Distributed Systems Engineer - Web Scraping

Job description

We are looking for talented profiles to help build and maintain the distributed data collection system that is at the heart of our business.

We are a data-driven company which collects and processes more than 500GB of raw data daily. We leverage big data technologies such as Serverless, Spark on AWS EMR to crunch these volumes of data and make it queryable.

 

In this role you will ensure that our data collection engine, which consists of distributed web crawlers, is state of the art and ahead of our competition. You will ensure that we can scrape any webshop, no matter the ban-detection that has been put in place. Next to that it will be important that the proper monitoring tools are in place. We are currently scraping 60 sites and your goal is to at least triple that without losing completeness and quality.

 

As a distributed systems engineer you will be responsible for the following topics:

  • Distributed web crawling architectures.
  • Cost-effective data processing architectures.
  • Advanced system monitoring solutions & dashboards.
  • Design advanced ways of interpreting scraped HTMLs.
  • Advanced proxy management.

On top of all this you’ll make sure that Daltix stays competitive in terms of data collection by using the latest & most suitable technologies throughout our stack.

 

About the stack

  • This distributed system is made on top of Amazon Web Services and uses Serverless architectures where possible, with Python & Javascript being the main programming languages used.
  • As Daltix scales from 50+ websites to 200+ websites (which it scrapes multiple times per day!) it has to invest in orchestration technologies such as Kubernetes as well as logging & monitoring solutions to keep an overview at scale.

Requirements

Minimum

  • At least 5 years of experience in object oriented software engineering & design in any object oriented programming language.
  • Experience with and understanding of large-scale web crawling.
  • Experience with databases, SQL.
  • Experience with infrastructure such as load-balancers, caches, …
  • Highly proficient in spoken and written English.
  • You never stop learning.

 

Preferred

  • Have experience building on top of Amazon Web Services.
  • Have programming experience with Python
  • Expert knowledge of web-scraping & web-scraping architectures.
  • Experience with GoLang & JavaScript (NodeJS) is a plus.
  • Experience with big data technologies (such as Hadoop, Spark, Airflow, Cassandra, Elasticsearch) is a plus.
  • Have a deep understanding of cloud possibilities and limitations in the areas of distributed systems, load balancing and networking, massive data storage, and security.
  • Get energy from working in a highly complex and challenging startup environment with a high tech product.

 

What can Daltix offer you?

Daltix’ offers a competitive wage (including various benefits etc) and a young, dynamic and international (we have offices in Belgium and Portugal) atmosphere to work in.

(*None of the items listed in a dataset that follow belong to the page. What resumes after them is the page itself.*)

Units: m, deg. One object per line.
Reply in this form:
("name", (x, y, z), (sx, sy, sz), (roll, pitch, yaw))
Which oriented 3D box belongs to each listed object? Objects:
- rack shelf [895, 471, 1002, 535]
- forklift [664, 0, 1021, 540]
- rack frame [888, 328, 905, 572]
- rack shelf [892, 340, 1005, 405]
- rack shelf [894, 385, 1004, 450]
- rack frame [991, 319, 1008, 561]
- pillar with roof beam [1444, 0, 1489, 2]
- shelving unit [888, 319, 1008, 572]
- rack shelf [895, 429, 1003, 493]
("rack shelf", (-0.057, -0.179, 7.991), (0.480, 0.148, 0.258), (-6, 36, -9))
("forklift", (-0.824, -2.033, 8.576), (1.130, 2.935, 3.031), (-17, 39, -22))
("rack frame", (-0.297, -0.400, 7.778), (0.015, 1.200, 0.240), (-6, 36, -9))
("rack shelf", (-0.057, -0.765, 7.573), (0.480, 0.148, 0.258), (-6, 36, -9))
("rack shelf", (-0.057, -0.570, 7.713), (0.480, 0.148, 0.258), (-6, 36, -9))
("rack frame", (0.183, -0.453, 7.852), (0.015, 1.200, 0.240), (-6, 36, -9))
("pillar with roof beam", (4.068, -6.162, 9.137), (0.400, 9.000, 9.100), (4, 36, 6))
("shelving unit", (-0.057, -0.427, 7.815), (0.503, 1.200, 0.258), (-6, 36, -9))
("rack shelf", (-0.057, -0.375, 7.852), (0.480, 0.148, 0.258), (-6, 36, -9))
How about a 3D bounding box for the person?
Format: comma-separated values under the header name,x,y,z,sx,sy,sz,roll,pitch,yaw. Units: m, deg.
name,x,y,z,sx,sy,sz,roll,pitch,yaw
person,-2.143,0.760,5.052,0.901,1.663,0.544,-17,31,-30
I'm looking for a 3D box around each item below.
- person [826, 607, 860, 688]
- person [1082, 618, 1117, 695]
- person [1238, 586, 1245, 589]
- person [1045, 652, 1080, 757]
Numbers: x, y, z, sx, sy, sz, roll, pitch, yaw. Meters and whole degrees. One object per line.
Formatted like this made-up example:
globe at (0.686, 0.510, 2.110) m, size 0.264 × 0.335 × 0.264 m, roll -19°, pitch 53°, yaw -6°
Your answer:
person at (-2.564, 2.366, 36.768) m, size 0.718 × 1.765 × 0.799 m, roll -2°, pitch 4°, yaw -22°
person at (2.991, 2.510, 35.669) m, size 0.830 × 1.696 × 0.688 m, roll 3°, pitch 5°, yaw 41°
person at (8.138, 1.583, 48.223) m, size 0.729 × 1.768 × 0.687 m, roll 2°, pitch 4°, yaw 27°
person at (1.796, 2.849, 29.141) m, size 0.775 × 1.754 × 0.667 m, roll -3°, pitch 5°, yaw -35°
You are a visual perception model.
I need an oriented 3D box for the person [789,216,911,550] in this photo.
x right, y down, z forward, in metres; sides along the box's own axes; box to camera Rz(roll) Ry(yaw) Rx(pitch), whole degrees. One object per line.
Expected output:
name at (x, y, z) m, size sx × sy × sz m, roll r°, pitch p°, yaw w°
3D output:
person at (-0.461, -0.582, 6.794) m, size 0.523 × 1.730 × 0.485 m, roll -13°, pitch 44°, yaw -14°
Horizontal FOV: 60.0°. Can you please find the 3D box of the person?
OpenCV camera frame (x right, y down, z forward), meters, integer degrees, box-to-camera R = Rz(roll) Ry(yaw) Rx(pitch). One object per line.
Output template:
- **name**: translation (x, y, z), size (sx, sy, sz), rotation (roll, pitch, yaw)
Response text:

You will also receive the possibility to work from home if you prefer (even if you live in Lisbon).

When you start working at Daltix, you will get a deep dive experience. You learn all you need to know about us, our journey, your future colleagues, the tools we work with, etc.  

Going beyond, is coded in our company DNA. As soon as you start working, we expect a hands-on approach, with an entrepreneurial mentality.

You will also be able to participate in relevant trainings to stay at the top of this field.

Besides developing your technical skills you will also have the opportunity to grow into the following skill sets:

Technical/architectural lead. SW project management. Team leading & coaching.